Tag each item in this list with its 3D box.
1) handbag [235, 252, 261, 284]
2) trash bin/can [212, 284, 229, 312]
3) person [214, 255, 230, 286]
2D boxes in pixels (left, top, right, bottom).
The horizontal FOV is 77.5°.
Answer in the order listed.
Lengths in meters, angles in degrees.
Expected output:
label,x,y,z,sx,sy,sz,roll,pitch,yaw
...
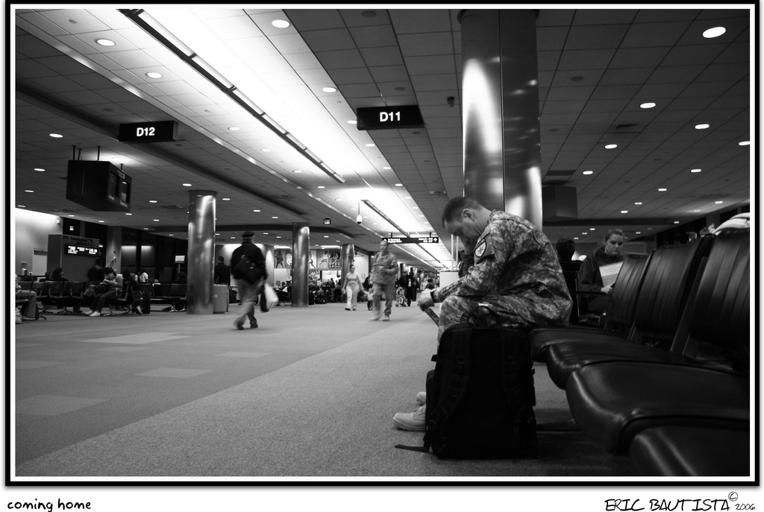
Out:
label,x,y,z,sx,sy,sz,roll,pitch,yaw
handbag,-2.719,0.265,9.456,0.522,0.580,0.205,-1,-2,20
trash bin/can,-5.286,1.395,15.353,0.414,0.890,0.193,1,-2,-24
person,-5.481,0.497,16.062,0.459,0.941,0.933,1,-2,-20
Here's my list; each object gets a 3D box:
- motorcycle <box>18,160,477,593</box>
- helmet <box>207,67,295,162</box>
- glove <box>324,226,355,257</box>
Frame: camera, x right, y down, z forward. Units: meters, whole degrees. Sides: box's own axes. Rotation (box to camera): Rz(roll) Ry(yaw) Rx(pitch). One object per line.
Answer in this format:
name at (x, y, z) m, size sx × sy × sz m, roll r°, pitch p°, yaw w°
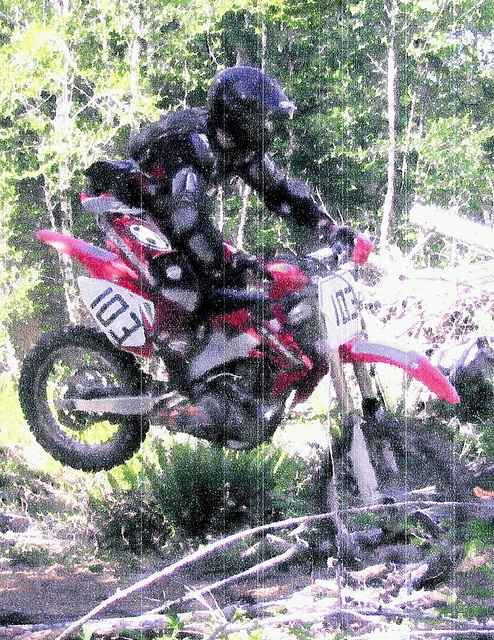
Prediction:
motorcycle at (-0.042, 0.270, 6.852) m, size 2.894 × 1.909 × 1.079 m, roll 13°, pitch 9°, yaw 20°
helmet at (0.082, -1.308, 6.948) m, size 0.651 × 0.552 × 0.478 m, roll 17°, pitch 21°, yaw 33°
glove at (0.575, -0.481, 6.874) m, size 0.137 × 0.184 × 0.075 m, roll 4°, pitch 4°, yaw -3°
...
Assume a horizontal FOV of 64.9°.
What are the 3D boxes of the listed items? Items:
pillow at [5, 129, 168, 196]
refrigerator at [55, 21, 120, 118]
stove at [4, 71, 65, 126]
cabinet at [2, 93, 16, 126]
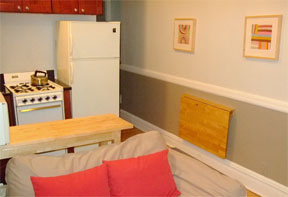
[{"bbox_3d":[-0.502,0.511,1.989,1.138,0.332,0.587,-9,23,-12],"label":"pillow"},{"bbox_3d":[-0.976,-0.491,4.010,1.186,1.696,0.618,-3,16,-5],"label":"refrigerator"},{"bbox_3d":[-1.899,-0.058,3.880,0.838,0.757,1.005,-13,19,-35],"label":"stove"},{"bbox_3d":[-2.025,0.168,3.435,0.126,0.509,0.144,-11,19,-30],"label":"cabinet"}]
==
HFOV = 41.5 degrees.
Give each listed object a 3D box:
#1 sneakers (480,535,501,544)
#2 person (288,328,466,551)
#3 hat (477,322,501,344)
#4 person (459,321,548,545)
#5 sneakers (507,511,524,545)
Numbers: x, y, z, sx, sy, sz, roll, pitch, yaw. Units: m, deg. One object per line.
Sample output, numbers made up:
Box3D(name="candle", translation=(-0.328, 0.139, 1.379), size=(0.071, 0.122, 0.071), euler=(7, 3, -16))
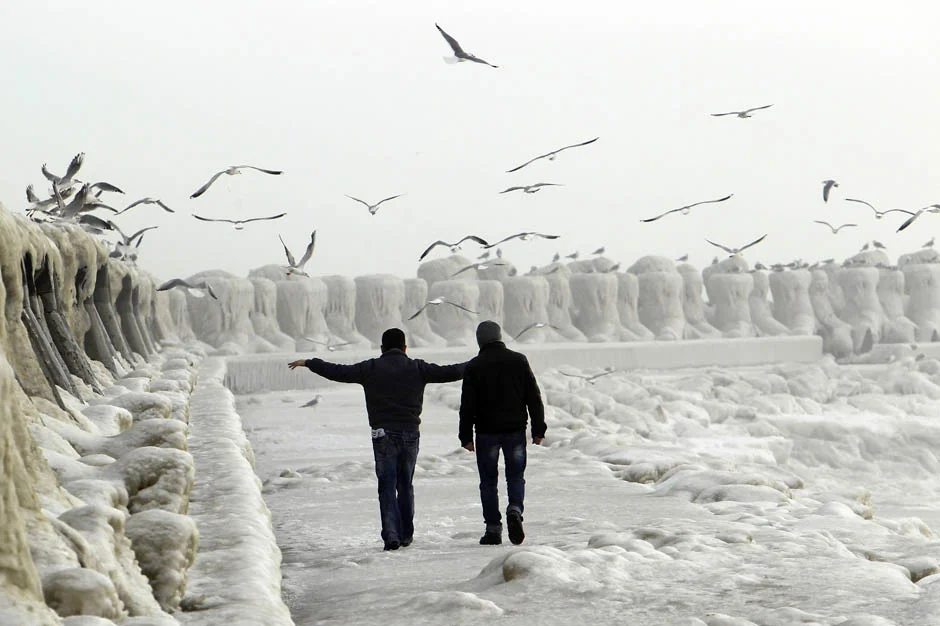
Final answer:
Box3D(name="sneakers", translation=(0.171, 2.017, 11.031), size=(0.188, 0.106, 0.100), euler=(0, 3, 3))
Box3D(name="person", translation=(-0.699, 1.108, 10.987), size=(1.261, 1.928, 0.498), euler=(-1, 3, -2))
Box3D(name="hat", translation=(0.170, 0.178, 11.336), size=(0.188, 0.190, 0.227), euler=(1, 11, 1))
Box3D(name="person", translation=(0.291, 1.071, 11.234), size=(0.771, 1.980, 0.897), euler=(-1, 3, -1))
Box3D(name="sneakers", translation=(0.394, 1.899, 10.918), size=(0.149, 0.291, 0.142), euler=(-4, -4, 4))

- **WHAT THE TASK REQUIRES**
Where a line of the records has the string "meters", return that line.

- **EXERCISE OUTPUT**
Lengths in meters, angles in degrees.
Frame: camera, x right, y down, z forward. Units: meters, whole degrees. Sides: box's own axes. Rotation (box to camera): Rz(roll) Ry(yaw) Rx(pitch). One object per line.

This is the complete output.